Он вновь увидел себя лежащим на стертых, дочиста вымытых мраморных плитах пола в келье – так они в те годы называли клетки для жилья и мук; увидел свои глаза – глаза свиньи, брошенной на бетонный пол скотобойни; увидел над собой не Цубера в кожаных брюках, под которыми не было трусов, а монаха в рясе. Тот поставил ногу ему на грудь, одной рукой теребил темно-красный с голубизной член, убивающий душу, а другой приподнимал рясу, обнажая жирную белую плоть. Словно смертоносный топор на голову распластанной свиньи, шлепнулась на него монашеская сперма, залепила лицо, глаза, рот, и вот он уже не ребенок, а то, что осталось от ребенка, брошенного на произвол судьбы в монастырский хлев. Кошмарное возвращение!
Неужели это правда было? Он не хотел в это верить. Однако ему пришлось.
Он ударился головой о деревянный короб на корпусе машины, пальцы зарылись в спрессованную солому, впитывая тухлый, гнилой запах плохо собранных снопов, который смешивался с запахом мочи и пота, запахом нестираного монашеского одеяния из затхлой каморки памяти – все сливалось в неразрывное и неизбежное целое, и оно душило его, как настоящее, никак не становящееся прошлым. Потерянный, он, давясь рвотой, соскользнул по ржавому стальному корпусу отслужившей свое сортировочной машины на твердый голый пол и, обессиленный, скрючился в сантиметровом слое пыли, которая копилась в отцовском амбаре десятилетиями. Пыль от соломы, сопли и слезы смешивались, превращаясь в отблеск его души и окрашивая лицо в черный цвет.
Так он вернулся на поле битвы.
– Ты что, упал лицом в перец?
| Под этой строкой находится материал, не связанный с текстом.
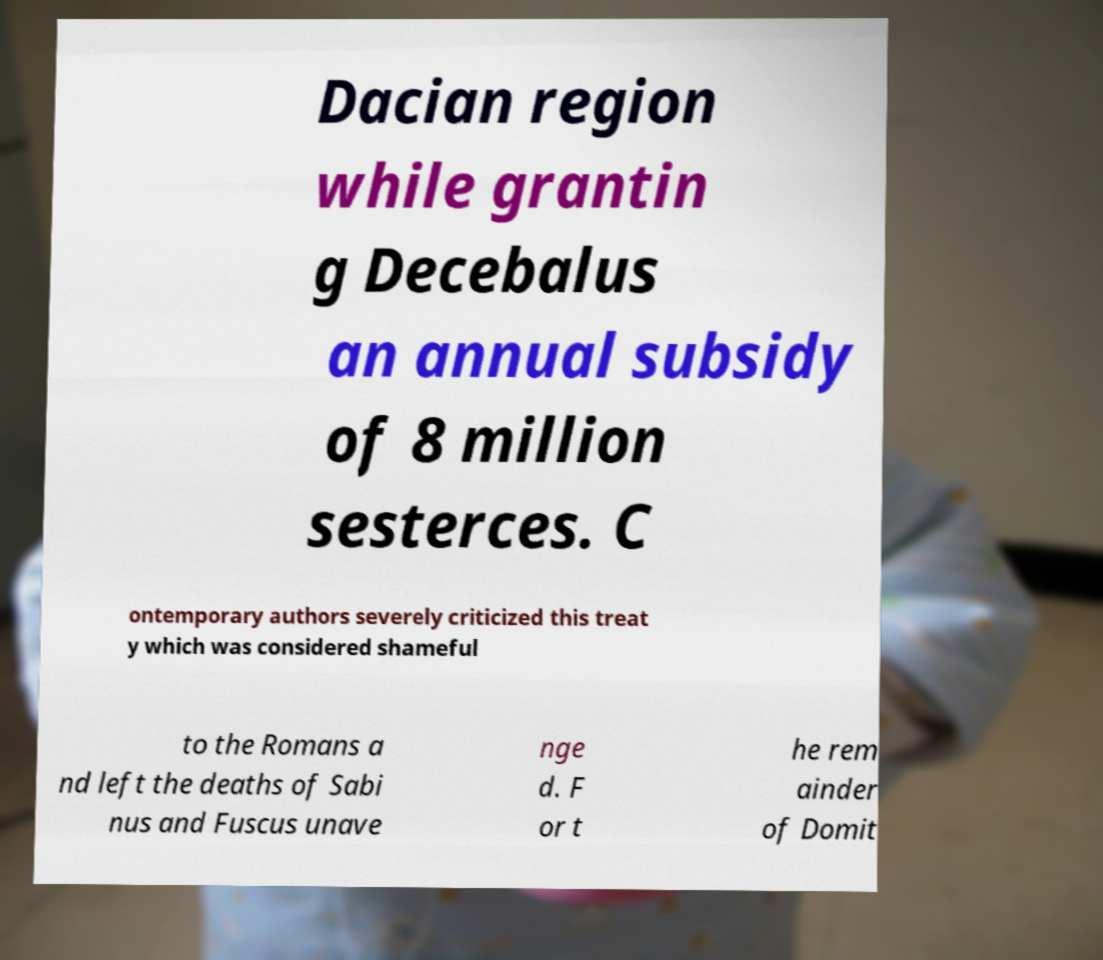I need the written content from this picture converted into text. Can you do that? Dacian region while grantin g Decebalus an annual subsidy of 8 million sesterces. C ontemporary authors severely criticized this treat y which was considered shameful to the Romans a nd left the deaths of Sabi nus and Fuscus unave nge d. F or t he rem ainder of Domit

Где ты столько времени шлялся? Почему у тебя такой вид? – накинулся на него Цубер.
– Готовил сено для вечерней кормежки, – соврал Семи себе и ему, после чего собрался вернуться к поручению Цубера.
Более чуткий, чем одичавший от сырого мяса Цубер, Виктор увидел, как расстроен мальчик, но, не зная причины, предположил, что новый взрыв душевного страдания связан с привлечением Семи к работе мясника, которая неприятно поразила его.
– Я схожу, – бросил Виктор. Быстрым шагом он направился от скотобойни через коровник в кухню, взял у хозяйки все требующиеся усилители вкуса и вернулся к Цуберу и Семи. Они втроем в молчании подняли выбритую свинью за задние ноги на старом подъемнике для бутылок под черный от копоти потолок к двум вделанным крюкам. Аккуратно работая ножом, Цубер сделал несколько надрезов на жировой прослойке и вспорол живот свиньи. Кишки, как бесконечная колбаса, начиненная дерьмом, вываливались на грудь Цубера, который придерживал их левой рукой и правой рылся внутри свиньи, продолжая извлекать теплые внутренности, живот к животу с подвешенным животным. Он повернулся вполоборота и сбросил с груди на разделочный стол гору кишок. Она осела и, хлюпая, покрыла весь стол. От кучи исходило тепло и знакомый запах, словно это собственные газы, которые приятно вдыхать. Аппетит уже разгулялся.